Do not remember the former things,
or consider the things of old.
I am about to do a new thing;
now it springs forth, do you not perceive it?
(Isaiah 43: 18-19)
The biggest question of the week in the news is not, 'Will President Trump concede to Joe Biden in the US elections', or 'Will we emerge in 2021 with a deal with Europe?', or even 'When will that third vaccine be available?' but....... 'Will Christmas happen?' Even if we have to have twenty five days of lockdown afterwards, please give us an unrestricted five days to celebrate, demand the public - well some of them anyway. What drives this strength of feeling? I wonder if it is the power of traditions.
Psychologist, Saul Levine writes 'When traditions take place......, they bring predictability and constancy to our lives. In addition to the nurturance and pleasure of communing, they help remove us, at least temporarily, from the cacophony of the outside world. We get reassurance that we will indeed be alright.' Traditions bring us together, provide familiarity and normality (and how we need that this year) and help us escape our personal world to focus on something greater and bigger.

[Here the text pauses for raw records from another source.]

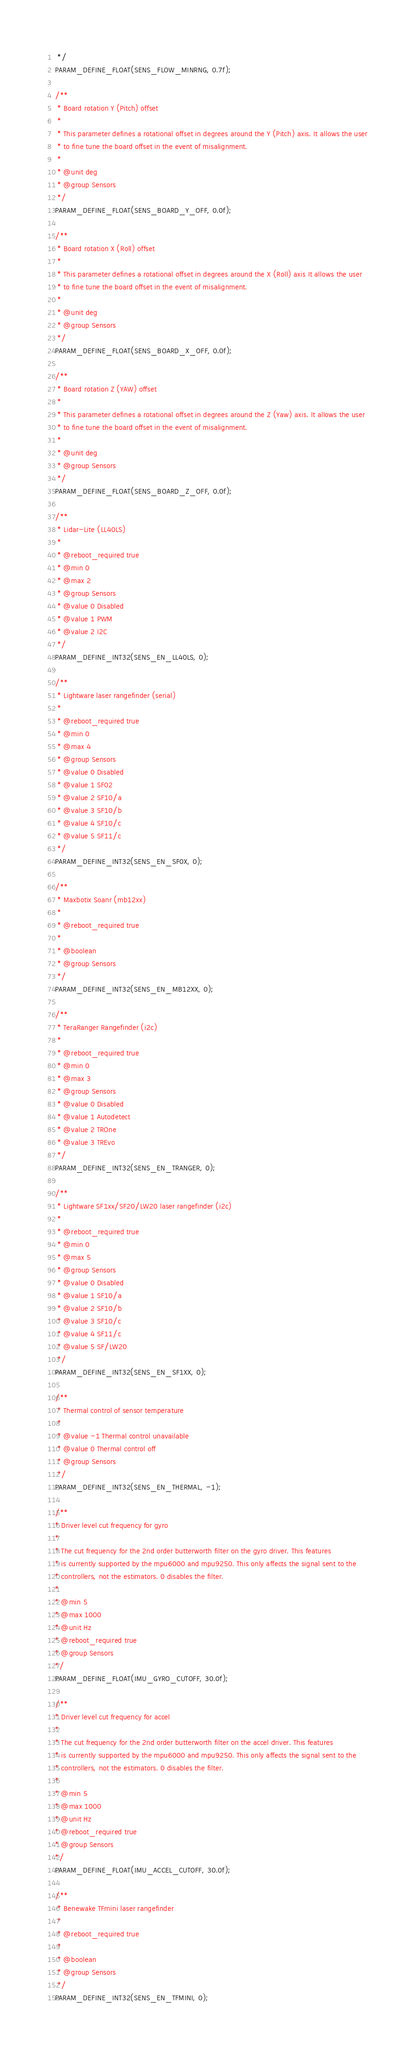<code> <loc_0><loc_0><loc_500><loc_500><_C_> */
PARAM_DEFINE_FLOAT(SENS_FLOW_MINRNG, 0.7f);

/**
 * Board rotation Y (Pitch) offset
 *
 * This parameter defines a rotational offset in degrees around the Y (Pitch) axis. It allows the user
 * to fine tune the board offset in the event of misalignment.
 *
 * @unit deg
 * @group Sensors
 */
PARAM_DEFINE_FLOAT(SENS_BOARD_Y_OFF, 0.0f);

/**
 * Board rotation X (Roll) offset
 *
 * This parameter defines a rotational offset in degrees around the X (Roll) axis It allows the user
 * to fine tune the board offset in the event of misalignment.
 *
 * @unit deg
 * @group Sensors
 */
PARAM_DEFINE_FLOAT(SENS_BOARD_X_OFF, 0.0f);

/**
 * Board rotation Z (YAW) offset
 *
 * This parameter defines a rotational offset in degrees around the Z (Yaw) axis. It allows the user
 * to fine tune the board offset in the event of misalignment.
 *
 * @unit deg
 * @group Sensors
 */
PARAM_DEFINE_FLOAT(SENS_BOARD_Z_OFF, 0.0f);

/**
 * Lidar-Lite (LL40LS)
 *
 * @reboot_required true
 * @min 0
 * @max 2
 * @group Sensors
 * @value 0 Disabled
 * @value 1 PWM
 * @value 2 I2C
 */
PARAM_DEFINE_INT32(SENS_EN_LL40LS, 0);

/**
 * Lightware laser rangefinder (serial)
 *
 * @reboot_required true
 * @min 0
 * @max 4
 * @group Sensors
 * @value 0 Disabled
 * @value 1 SF02
 * @value 2 SF10/a
 * @value 3 SF10/b
 * @value 4 SF10/c
 * @value 5 SF11/c
 */
PARAM_DEFINE_INT32(SENS_EN_SF0X, 0);

/**
 * Maxbotix Soanr (mb12xx)
 *
 * @reboot_required true
 *
 * @boolean
 * @group Sensors
 */
PARAM_DEFINE_INT32(SENS_EN_MB12XX, 0);

/**
 * TeraRanger Rangefinder (i2c)
 *
 * @reboot_required true
 * @min 0
 * @max 3
 * @group Sensors
 * @value 0 Disabled
 * @value 1 Autodetect
 * @value 2 TROne
 * @value 3 TREvo
 */
PARAM_DEFINE_INT32(SENS_EN_TRANGER, 0);

/**
 * Lightware SF1xx/SF20/LW20 laser rangefinder (i2c)
 *
 * @reboot_required true
 * @min 0
 * @max 5
 * @group Sensors
 * @value 0 Disabled
 * @value 1 SF10/a
 * @value 2 SF10/b
 * @value 3 SF10/c
 * @value 4 SF11/c
 * @value 5 SF/LW20
 */
PARAM_DEFINE_INT32(SENS_EN_SF1XX, 0);

/**
 * Thermal control of sensor temperature
 *
 * @value -1 Thermal control unavailable
 * @value 0 Thermal control off
 * @group Sensors
 */
PARAM_DEFINE_INT32(SENS_EN_THERMAL, -1);

/**
* Driver level cut frequency for gyro
*
* The cut frequency for the 2nd order butterworth filter on the gyro driver. This features
* is currently supported by the mpu6000 and mpu9250. This only affects the signal sent to the
* controllers, not the estimators. 0 disables the filter.
*
* @min 5
* @max 1000
* @unit Hz
* @reboot_required true
* @group Sensors
*/
PARAM_DEFINE_FLOAT(IMU_GYRO_CUTOFF, 30.0f);

/**
* Driver level cut frequency for accel
*
* The cut frequency for the 2nd order butterworth filter on the accel driver. This features
* is currently supported by the mpu6000 and mpu9250. This only affects the signal sent to the
* controllers, not the estimators. 0 disables the filter.
*
* @min 5
* @max 1000
* @unit Hz
* @reboot_required true
* @group Sensors
*/
PARAM_DEFINE_FLOAT(IMU_ACCEL_CUTOFF, 30.0f);

/**
 * Benewake TFmini laser rangefinder
 *
 * @reboot_required true
 *
 * @boolean
 * @group Sensors
 */
PARAM_DEFINE_INT32(SENS_EN_TFMINI, 0);
</code> 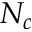<formula> <loc_0><loc_0><loc_500><loc_500>N _ { c }</formula> 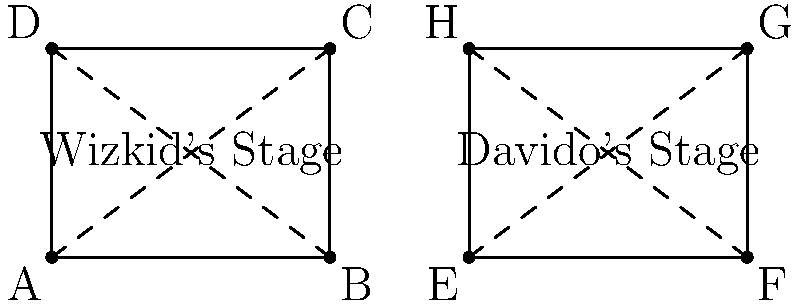In the diagram above, Wizkid's and Davido's stage layouts are represented by rectangles ABCD and EFGH respectively. If the area of Wizkid's stage is 12 square meters and the width of both stages is the same, what is the area of Davido's stage in square meters? Let's solve this step-by-step:

1) For Wizkid's stage (rectangle ABCD):
   Area = 12 sq meters
   Width = AB = 4 units (from the diagram)
   Let the length be $l$ meters
   Area = width × length
   $12 = 4 × l$
   $l = 3$ meters

2) So, the dimensions of Wizkid's stage are 4m × 3m

3) For Davido's stage (rectangle EFGH):
   Width = EF = 4 units (same as Wizkid's stage)
   Length = EH = 4 units (from the diagram)

4) Area of Davido's stage = width × length
                          = 4 × 4 = 16 sq meters

Therefore, the area of Davido's stage is 16 square meters.
Answer: 16 square meters 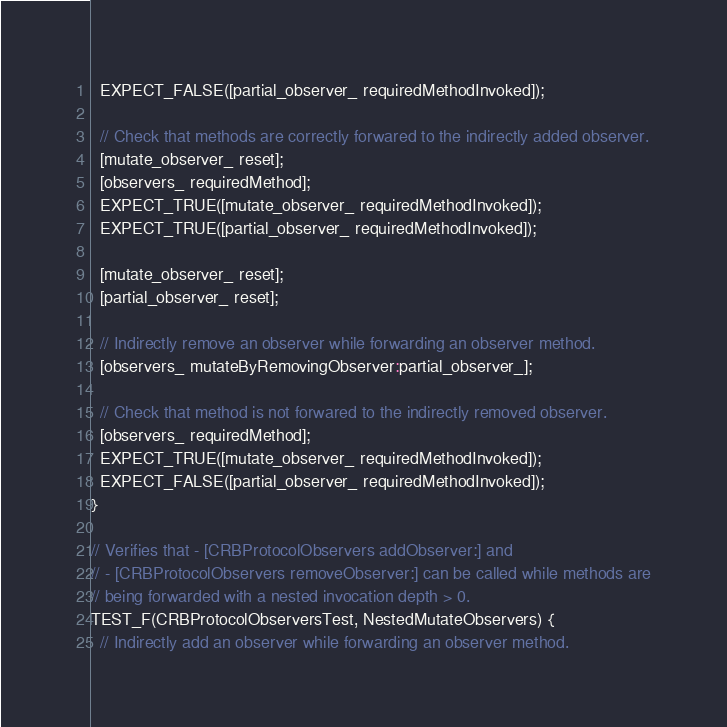Convert code to text. <code><loc_0><loc_0><loc_500><loc_500><_ObjectiveC_>  EXPECT_FALSE([partial_observer_ requiredMethodInvoked]);

  // Check that methods are correctly forwared to the indirectly added observer.
  [mutate_observer_ reset];
  [observers_ requiredMethod];
  EXPECT_TRUE([mutate_observer_ requiredMethodInvoked]);
  EXPECT_TRUE([partial_observer_ requiredMethodInvoked]);

  [mutate_observer_ reset];
  [partial_observer_ reset];

  // Indirectly remove an observer while forwarding an observer method.
  [observers_ mutateByRemovingObserver:partial_observer_];

  // Check that method is not forwared to the indirectly removed observer.
  [observers_ requiredMethod];
  EXPECT_TRUE([mutate_observer_ requiredMethodInvoked]);
  EXPECT_FALSE([partial_observer_ requiredMethodInvoked]);
}

// Verifies that - [CRBProtocolObservers addObserver:] and
// - [CRBProtocolObservers removeObserver:] can be called while methods are
// being forwarded with a nested invocation depth > 0.
TEST_F(CRBProtocolObserversTest, NestedMutateObservers) {
  // Indirectly add an observer while forwarding an observer method.</code> 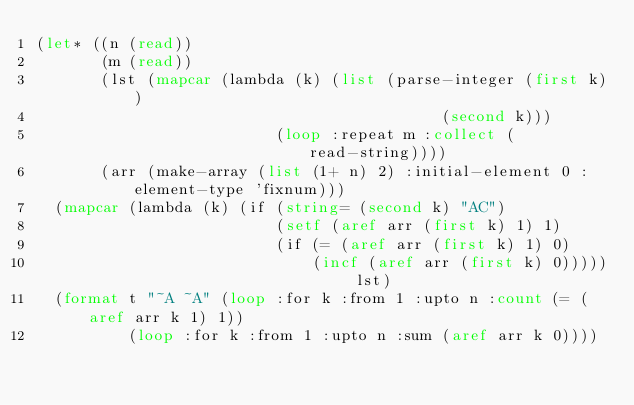Convert code to text. <code><loc_0><loc_0><loc_500><loc_500><_Lisp_>(let* ((n (read))
       (m (read))
       (lst (mapcar (lambda (k) (list (parse-integer (first k))
                                            (second k)))
                          (loop :repeat m :collect (read-string))))
       (arr (make-array (list (1+ n) 2) :initial-element 0 :element-type 'fixnum)))
  (mapcar (lambda (k) (if (string= (second k) "AC")
                          (setf (aref arr (first k) 1) 1)
                          (if (= (aref arr (first k) 1) 0)
                              (incf (aref arr (first k) 0))))) lst)
  (format t "~A ~A" (loop :for k :from 1 :upto n :count (= (aref arr k 1) 1))
          (loop :for k :from 1 :upto n :sum (aref arr k 0))))</code> 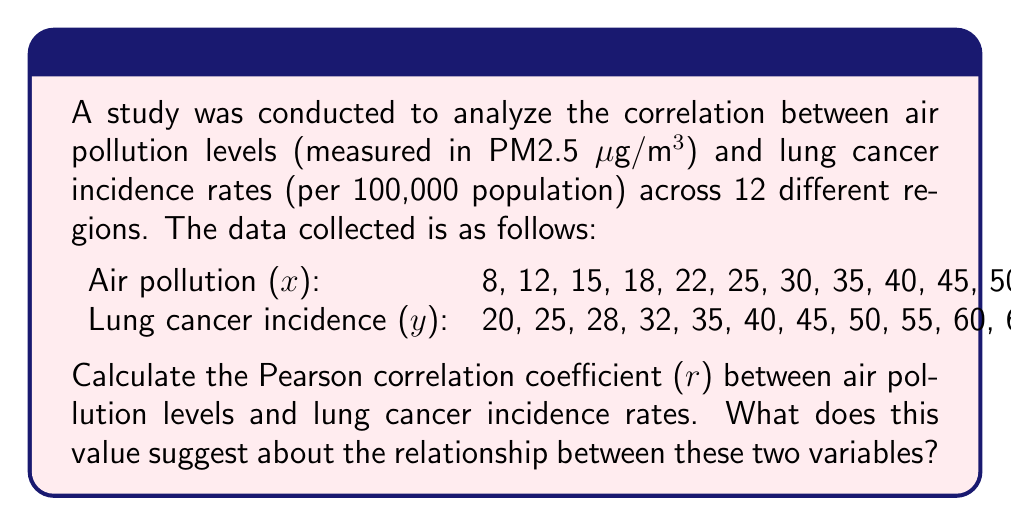Can you answer this question? To calculate the Pearson correlation coefficient (r), we'll follow these steps:

1. Calculate the means of x and y:
   $\bar{x} = \frac{\sum x}{n} = \frac{355}{12} = 29.58$
   $\bar{y} = \frac{\sum y}{n} = \frac{525}{12} = 43.75$

2. Calculate the deviations from the mean for x and y:
   $x - \bar{x}$ and $y - \bar{y}$

3. Calculate the product of these deviations:
   $(x - \bar{x})(y - \bar{y})$

4. Sum the products of deviations:
   $\sum(x - \bar{x})(y - \bar{y}) = 4744.92$

5. Calculate the sum of squared deviations for x and y:
   $\sum(x - \bar{x})^2 = 3385.92$
   $\sum(y - \bar{y})^2 = 2656.25$

6. Apply the formula for Pearson correlation coefficient:

   $$r = \frac{\sum(x - \bar{x})(y - \bar{y})}{\sqrt{\sum(x - \bar{x})^2 \sum(y - \bar{y})^2}}$$

   $$r = \frac{4744.92}{\sqrt{3385.92 \times 2656.25}} = \frac{4744.92}{2998.44} = 0.9988$$

The Pearson correlation coefficient (r) is approximately 0.9988.

This value suggests a very strong positive correlation between air pollution levels and lung cancer incidence rates. As it's very close to 1, it indicates that as air pollution levels increase, lung cancer incidence rates also increase almost linearly. This strong correlation implies that air pollution might be a significant risk factor for lung cancer in these regions.
Answer: r ≈ 0.9988; Very strong positive correlation 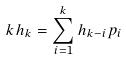<formula> <loc_0><loc_0><loc_500><loc_500>k h _ { k } = \sum _ { i = 1 } ^ { k } h _ { k - i } p _ { i }</formula> 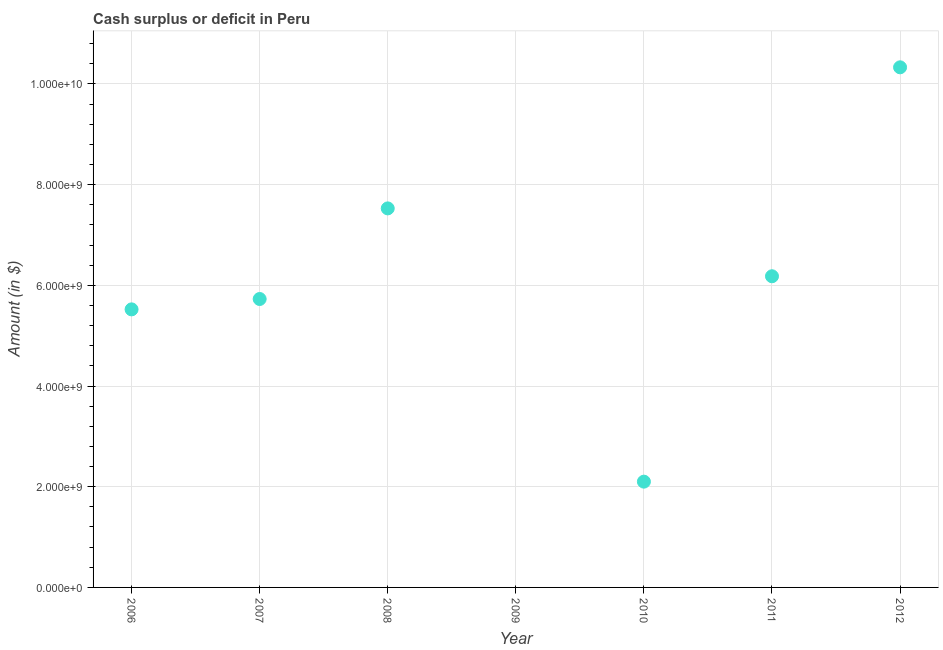What is the cash surplus or deficit in 2007?
Ensure brevity in your answer.  5.73e+09. Across all years, what is the maximum cash surplus or deficit?
Your response must be concise. 1.03e+1. In which year was the cash surplus or deficit maximum?
Your answer should be compact. 2012. What is the sum of the cash surplus or deficit?
Your answer should be compact. 3.74e+1. What is the difference between the cash surplus or deficit in 2010 and 2012?
Your response must be concise. -8.23e+09. What is the average cash surplus or deficit per year?
Ensure brevity in your answer.  5.34e+09. What is the median cash surplus or deficit?
Offer a terse response. 5.73e+09. What is the ratio of the cash surplus or deficit in 2006 to that in 2008?
Offer a very short reply. 0.73. Is the cash surplus or deficit in 2007 less than that in 2011?
Your answer should be compact. Yes. What is the difference between the highest and the second highest cash surplus or deficit?
Ensure brevity in your answer.  2.80e+09. Is the sum of the cash surplus or deficit in 2008 and 2010 greater than the maximum cash surplus or deficit across all years?
Your response must be concise. No. What is the difference between the highest and the lowest cash surplus or deficit?
Offer a very short reply. 1.03e+1. In how many years, is the cash surplus or deficit greater than the average cash surplus or deficit taken over all years?
Keep it short and to the point. 5. What is the difference between two consecutive major ticks on the Y-axis?
Make the answer very short. 2.00e+09. Are the values on the major ticks of Y-axis written in scientific E-notation?
Your answer should be compact. Yes. Does the graph contain any zero values?
Keep it short and to the point. Yes. What is the title of the graph?
Provide a short and direct response. Cash surplus or deficit in Peru. What is the label or title of the Y-axis?
Your answer should be very brief. Amount (in $). What is the Amount (in $) in 2006?
Your response must be concise. 5.52e+09. What is the Amount (in $) in 2007?
Your response must be concise. 5.73e+09. What is the Amount (in $) in 2008?
Your response must be concise. 7.53e+09. What is the Amount (in $) in 2010?
Your answer should be very brief. 2.10e+09. What is the Amount (in $) in 2011?
Provide a short and direct response. 6.18e+09. What is the Amount (in $) in 2012?
Your answer should be compact. 1.03e+1. What is the difference between the Amount (in $) in 2006 and 2007?
Your answer should be compact. -2.06e+08. What is the difference between the Amount (in $) in 2006 and 2008?
Offer a terse response. -2.01e+09. What is the difference between the Amount (in $) in 2006 and 2010?
Give a very brief answer. 3.42e+09. What is the difference between the Amount (in $) in 2006 and 2011?
Provide a short and direct response. -6.57e+08. What is the difference between the Amount (in $) in 2006 and 2012?
Provide a succinct answer. -4.81e+09. What is the difference between the Amount (in $) in 2007 and 2008?
Your answer should be very brief. -1.80e+09. What is the difference between the Amount (in $) in 2007 and 2010?
Your answer should be compact. 3.63e+09. What is the difference between the Amount (in $) in 2007 and 2011?
Offer a very short reply. -4.52e+08. What is the difference between the Amount (in $) in 2007 and 2012?
Keep it short and to the point. -4.60e+09. What is the difference between the Amount (in $) in 2008 and 2010?
Your answer should be very brief. 5.43e+09. What is the difference between the Amount (in $) in 2008 and 2011?
Provide a short and direct response. 1.35e+09. What is the difference between the Amount (in $) in 2008 and 2012?
Your answer should be compact. -2.80e+09. What is the difference between the Amount (in $) in 2010 and 2011?
Provide a succinct answer. -4.08e+09. What is the difference between the Amount (in $) in 2010 and 2012?
Ensure brevity in your answer.  -8.23e+09. What is the difference between the Amount (in $) in 2011 and 2012?
Give a very brief answer. -4.15e+09. What is the ratio of the Amount (in $) in 2006 to that in 2007?
Offer a terse response. 0.96. What is the ratio of the Amount (in $) in 2006 to that in 2008?
Ensure brevity in your answer.  0.73. What is the ratio of the Amount (in $) in 2006 to that in 2010?
Provide a succinct answer. 2.63. What is the ratio of the Amount (in $) in 2006 to that in 2011?
Provide a short and direct response. 0.89. What is the ratio of the Amount (in $) in 2006 to that in 2012?
Offer a very short reply. 0.54. What is the ratio of the Amount (in $) in 2007 to that in 2008?
Your answer should be compact. 0.76. What is the ratio of the Amount (in $) in 2007 to that in 2010?
Ensure brevity in your answer.  2.73. What is the ratio of the Amount (in $) in 2007 to that in 2011?
Give a very brief answer. 0.93. What is the ratio of the Amount (in $) in 2007 to that in 2012?
Your response must be concise. 0.56. What is the ratio of the Amount (in $) in 2008 to that in 2010?
Offer a very short reply. 3.58. What is the ratio of the Amount (in $) in 2008 to that in 2011?
Offer a terse response. 1.22. What is the ratio of the Amount (in $) in 2008 to that in 2012?
Your answer should be very brief. 0.73. What is the ratio of the Amount (in $) in 2010 to that in 2011?
Provide a short and direct response. 0.34. What is the ratio of the Amount (in $) in 2010 to that in 2012?
Offer a terse response. 0.2. What is the ratio of the Amount (in $) in 2011 to that in 2012?
Your answer should be compact. 0.6.

If that is right then it's totally understandable that this year will be challenging. It is hard for us as a church family to imagine not singing carols together; not packed in, side by side to hear the choir, listen to the brass ensemble or watch children run manically and excitedly around the church building. Familiarity and normality will be squeezed; coming together will be restricted; BUT focusing on something greater and bigger - now there is no legislation in the world that will stop us doing that!
There will be many services we will be able to have - please read on to see all that's going on at church, online and out in the community. Admittedly not quite the same as usual, but still with the chance to worship God and celebrate again the most extraordinary story in human history - that God would become human and share His life with us.
But I don't want us to look back at this Christmas as being the 'off' one. God reminds us in the verse from Isaiah that He is always at work, and He is doing a 'new thing'. Rather than looking back with sadness at Christmases past, we are called to look for God in this one. Carol singers will be going out and singing all round town in the weeks coming up to Christmas; we will host up to 600 people at Meadowbank for a carol concert and on Christmas Eve we will invite the whole community to come to church for a walkabout nativity. New things that we pray will not only remind us of the greatness and bigness of God but also bring in many who don't know Him. At a time when joy and hope are light on the ground, God is about to do a new thing in our midst and so we can pray and rejoice.
And who knows, maybe the 'new things' of Christmas 2020 might just be traditions for Christmas 2021!